__TASK INSTRUCTIONS__.
Search the records below for the word "object". Pull out each line that has it.

__DATA__.
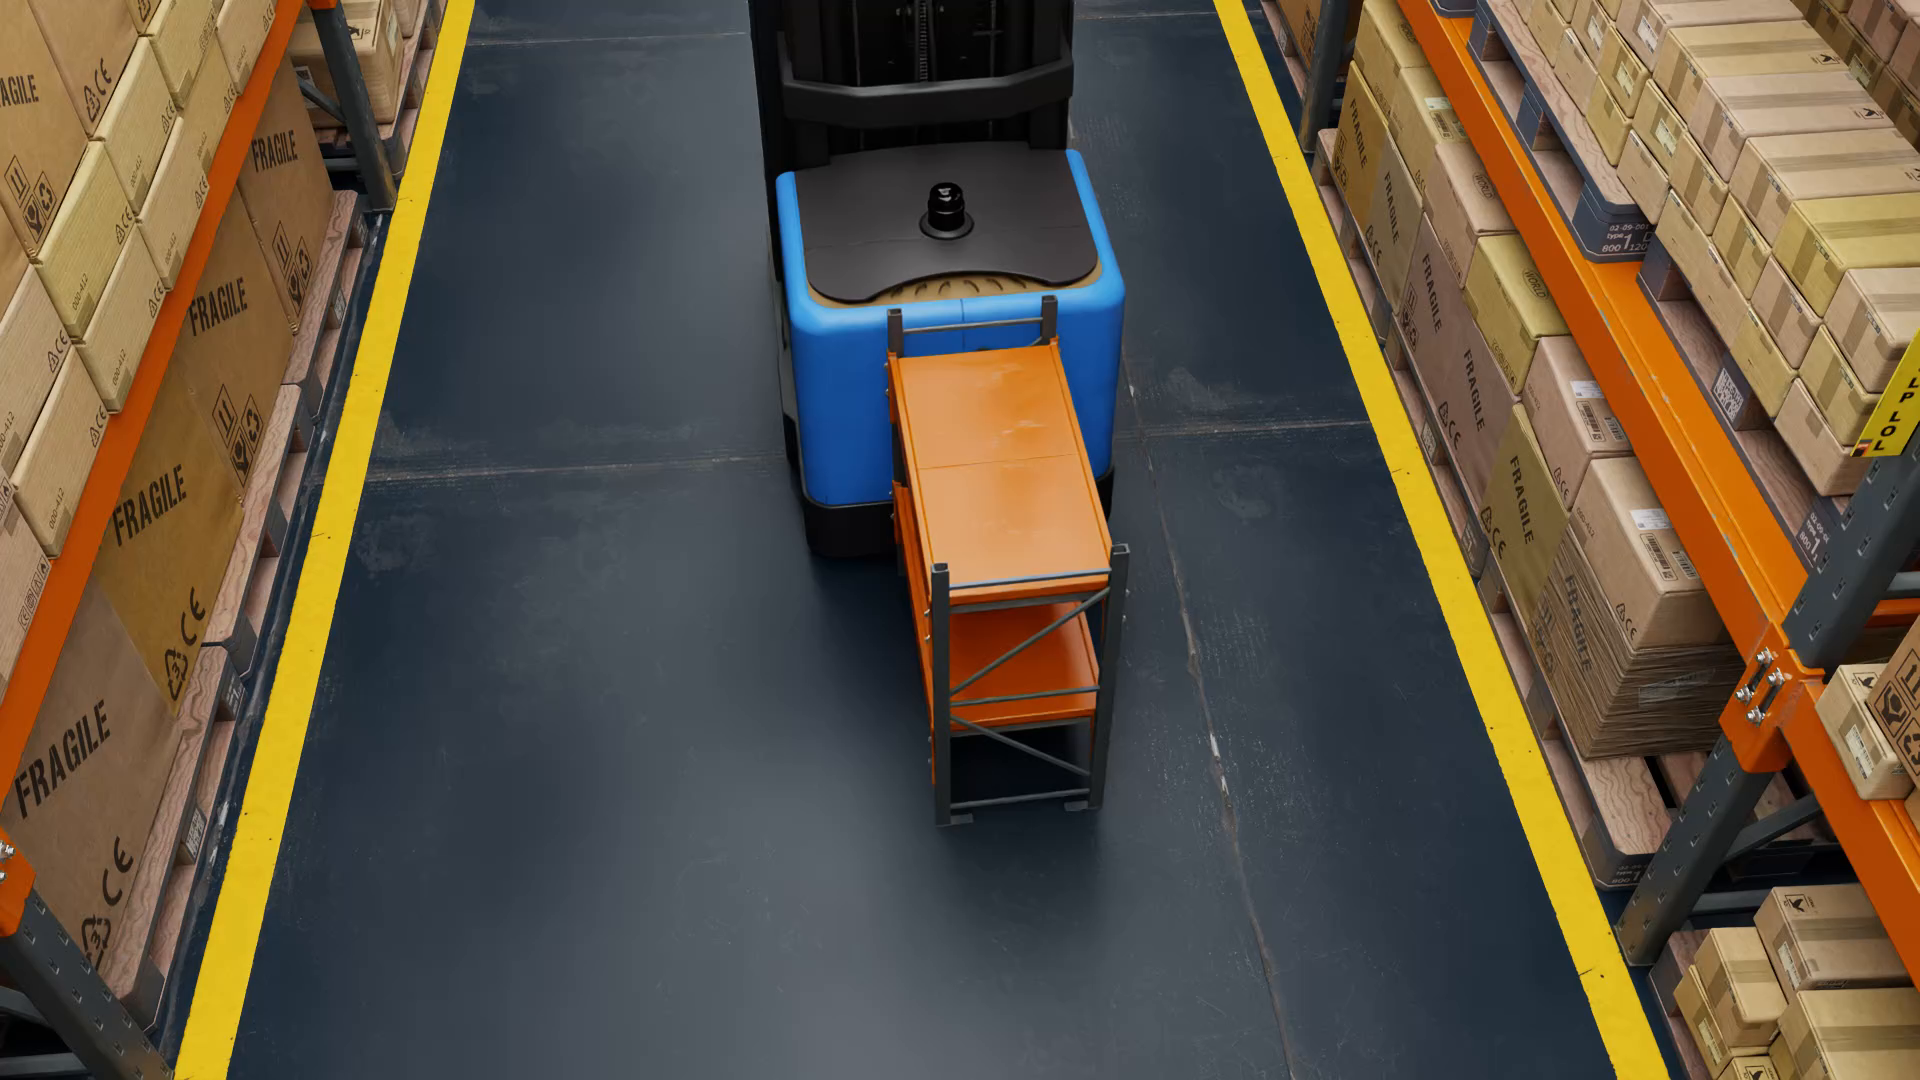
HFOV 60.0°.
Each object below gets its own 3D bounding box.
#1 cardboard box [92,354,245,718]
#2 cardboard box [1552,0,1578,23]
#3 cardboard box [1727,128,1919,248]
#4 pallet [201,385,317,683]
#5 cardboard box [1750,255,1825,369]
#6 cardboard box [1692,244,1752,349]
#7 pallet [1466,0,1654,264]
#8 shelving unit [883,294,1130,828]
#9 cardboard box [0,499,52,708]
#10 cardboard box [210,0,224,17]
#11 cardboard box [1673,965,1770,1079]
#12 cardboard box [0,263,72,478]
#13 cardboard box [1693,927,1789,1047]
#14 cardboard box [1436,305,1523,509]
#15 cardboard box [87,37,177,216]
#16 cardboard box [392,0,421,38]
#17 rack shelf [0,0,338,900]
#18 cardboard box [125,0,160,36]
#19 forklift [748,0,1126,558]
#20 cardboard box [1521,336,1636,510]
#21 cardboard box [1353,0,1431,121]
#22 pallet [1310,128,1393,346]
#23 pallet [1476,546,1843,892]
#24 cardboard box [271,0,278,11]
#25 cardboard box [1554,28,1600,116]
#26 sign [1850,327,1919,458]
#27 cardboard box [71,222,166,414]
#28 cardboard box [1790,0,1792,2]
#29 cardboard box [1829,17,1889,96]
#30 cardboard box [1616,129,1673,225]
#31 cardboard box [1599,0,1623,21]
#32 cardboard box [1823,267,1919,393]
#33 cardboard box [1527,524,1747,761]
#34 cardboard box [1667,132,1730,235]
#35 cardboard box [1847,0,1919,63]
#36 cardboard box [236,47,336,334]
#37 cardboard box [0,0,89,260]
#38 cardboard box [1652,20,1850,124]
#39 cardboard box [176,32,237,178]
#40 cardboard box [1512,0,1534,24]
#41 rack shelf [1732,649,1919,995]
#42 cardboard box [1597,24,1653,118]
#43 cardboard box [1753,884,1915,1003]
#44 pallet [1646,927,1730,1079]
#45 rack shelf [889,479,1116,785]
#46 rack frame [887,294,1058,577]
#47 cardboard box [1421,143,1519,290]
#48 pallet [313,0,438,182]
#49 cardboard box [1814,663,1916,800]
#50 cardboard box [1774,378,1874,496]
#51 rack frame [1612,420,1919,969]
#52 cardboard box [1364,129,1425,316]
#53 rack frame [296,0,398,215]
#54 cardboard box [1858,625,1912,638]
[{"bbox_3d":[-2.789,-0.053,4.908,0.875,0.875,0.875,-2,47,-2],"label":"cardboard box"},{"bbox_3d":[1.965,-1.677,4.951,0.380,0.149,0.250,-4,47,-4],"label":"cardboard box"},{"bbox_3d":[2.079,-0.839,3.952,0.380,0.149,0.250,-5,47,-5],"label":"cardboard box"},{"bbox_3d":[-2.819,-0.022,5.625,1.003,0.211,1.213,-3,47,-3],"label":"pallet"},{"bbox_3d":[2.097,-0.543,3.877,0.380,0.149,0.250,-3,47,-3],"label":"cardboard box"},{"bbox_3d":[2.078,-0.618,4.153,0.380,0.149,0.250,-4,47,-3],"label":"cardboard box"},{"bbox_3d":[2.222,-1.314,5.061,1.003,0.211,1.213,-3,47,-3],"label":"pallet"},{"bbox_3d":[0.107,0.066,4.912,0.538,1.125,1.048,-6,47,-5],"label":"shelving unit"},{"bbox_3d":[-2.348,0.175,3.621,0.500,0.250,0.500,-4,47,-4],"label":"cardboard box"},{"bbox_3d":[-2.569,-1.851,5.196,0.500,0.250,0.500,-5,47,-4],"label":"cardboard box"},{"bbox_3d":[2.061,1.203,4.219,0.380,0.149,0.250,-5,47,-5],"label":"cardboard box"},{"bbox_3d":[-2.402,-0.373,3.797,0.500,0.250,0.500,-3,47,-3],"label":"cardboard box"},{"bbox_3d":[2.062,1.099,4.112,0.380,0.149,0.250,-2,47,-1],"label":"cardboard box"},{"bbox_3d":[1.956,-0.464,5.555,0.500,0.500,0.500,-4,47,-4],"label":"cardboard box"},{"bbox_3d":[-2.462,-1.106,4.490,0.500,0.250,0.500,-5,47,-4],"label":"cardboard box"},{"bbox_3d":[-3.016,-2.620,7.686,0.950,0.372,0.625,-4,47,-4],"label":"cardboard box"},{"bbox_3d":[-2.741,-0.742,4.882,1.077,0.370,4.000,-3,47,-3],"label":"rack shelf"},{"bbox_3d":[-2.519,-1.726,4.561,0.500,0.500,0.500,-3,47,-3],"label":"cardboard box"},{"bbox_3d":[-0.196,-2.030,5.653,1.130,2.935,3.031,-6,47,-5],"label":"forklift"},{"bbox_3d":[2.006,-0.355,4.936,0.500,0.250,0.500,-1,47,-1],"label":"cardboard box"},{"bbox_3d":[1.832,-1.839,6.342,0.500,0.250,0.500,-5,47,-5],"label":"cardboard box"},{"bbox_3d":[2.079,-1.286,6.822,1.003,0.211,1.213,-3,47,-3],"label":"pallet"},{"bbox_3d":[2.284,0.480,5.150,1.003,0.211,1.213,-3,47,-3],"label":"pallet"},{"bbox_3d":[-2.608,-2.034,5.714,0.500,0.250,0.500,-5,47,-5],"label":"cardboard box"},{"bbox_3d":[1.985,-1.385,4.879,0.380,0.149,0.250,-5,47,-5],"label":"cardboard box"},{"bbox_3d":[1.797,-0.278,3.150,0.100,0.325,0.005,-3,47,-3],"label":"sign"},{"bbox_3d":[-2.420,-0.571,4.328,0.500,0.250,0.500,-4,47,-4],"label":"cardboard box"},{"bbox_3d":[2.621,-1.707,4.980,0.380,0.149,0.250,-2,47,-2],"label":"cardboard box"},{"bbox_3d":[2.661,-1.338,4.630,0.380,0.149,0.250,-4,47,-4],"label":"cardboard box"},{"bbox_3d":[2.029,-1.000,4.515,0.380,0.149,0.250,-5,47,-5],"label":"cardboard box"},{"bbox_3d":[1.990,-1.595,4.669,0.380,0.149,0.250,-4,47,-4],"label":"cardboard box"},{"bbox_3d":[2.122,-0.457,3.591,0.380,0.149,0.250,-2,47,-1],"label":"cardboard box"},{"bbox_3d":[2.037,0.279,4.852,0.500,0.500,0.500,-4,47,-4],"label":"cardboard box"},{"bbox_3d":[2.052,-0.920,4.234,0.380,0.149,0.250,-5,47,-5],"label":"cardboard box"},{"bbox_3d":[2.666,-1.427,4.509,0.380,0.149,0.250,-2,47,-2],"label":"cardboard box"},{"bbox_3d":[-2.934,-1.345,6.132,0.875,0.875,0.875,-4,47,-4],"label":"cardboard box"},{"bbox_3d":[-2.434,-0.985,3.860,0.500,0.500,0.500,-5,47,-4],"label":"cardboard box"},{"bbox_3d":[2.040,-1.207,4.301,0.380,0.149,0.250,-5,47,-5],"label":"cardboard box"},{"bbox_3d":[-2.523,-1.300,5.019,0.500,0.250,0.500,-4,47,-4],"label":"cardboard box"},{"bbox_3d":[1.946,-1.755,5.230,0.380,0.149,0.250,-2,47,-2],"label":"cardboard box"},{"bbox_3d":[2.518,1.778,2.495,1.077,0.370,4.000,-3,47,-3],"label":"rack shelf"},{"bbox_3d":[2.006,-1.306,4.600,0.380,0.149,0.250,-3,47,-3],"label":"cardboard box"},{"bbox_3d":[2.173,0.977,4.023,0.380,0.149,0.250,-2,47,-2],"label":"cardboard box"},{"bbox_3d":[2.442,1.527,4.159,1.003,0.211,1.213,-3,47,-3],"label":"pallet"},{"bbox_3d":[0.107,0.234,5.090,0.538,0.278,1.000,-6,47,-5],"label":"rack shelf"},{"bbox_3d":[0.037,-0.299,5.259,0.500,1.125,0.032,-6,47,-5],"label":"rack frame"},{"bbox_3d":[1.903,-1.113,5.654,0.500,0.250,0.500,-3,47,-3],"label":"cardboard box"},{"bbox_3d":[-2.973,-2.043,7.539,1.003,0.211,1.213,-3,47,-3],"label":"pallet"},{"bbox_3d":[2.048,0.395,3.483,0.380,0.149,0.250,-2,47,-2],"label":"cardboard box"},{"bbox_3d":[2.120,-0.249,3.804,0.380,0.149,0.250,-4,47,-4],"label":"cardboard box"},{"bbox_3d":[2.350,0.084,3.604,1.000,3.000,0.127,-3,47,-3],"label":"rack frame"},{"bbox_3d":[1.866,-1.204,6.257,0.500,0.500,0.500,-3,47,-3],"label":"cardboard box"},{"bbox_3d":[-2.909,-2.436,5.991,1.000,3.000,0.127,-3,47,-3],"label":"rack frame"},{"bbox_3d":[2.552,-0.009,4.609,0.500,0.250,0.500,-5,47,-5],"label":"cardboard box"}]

==

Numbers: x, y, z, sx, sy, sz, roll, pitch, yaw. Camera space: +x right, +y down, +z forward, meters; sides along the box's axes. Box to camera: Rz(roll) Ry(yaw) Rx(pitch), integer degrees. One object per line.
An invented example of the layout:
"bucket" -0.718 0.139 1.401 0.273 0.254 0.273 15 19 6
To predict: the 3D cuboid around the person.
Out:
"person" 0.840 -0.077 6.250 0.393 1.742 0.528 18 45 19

==

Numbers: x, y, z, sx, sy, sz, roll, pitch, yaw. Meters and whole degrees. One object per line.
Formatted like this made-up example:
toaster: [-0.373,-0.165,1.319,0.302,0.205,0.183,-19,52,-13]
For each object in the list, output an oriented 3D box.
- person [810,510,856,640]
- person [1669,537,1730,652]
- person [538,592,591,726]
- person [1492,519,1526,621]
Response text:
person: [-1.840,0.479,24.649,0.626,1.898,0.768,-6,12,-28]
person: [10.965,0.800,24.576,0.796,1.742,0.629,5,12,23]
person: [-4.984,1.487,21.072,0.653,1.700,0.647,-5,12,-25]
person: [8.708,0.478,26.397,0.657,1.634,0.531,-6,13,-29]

__TASK OUTPUT__.
Each object below gets its own 3D bounding box.
Numbers: x, y, z, sx, sy, sz, roll, pitch, yaw. Camera space: +x right, +y down, +z forward, meters; sides along the box's axes. Box to camera: Rz(roll) Ry(yaw) Rx(pitch), integer degrees. One object per line.
Numbers: x, y, z, sx, sy, sz, roll, pitch, yaw. Meters and whole degrees. One object per line.
For each object in the list, output an oriented 3D box.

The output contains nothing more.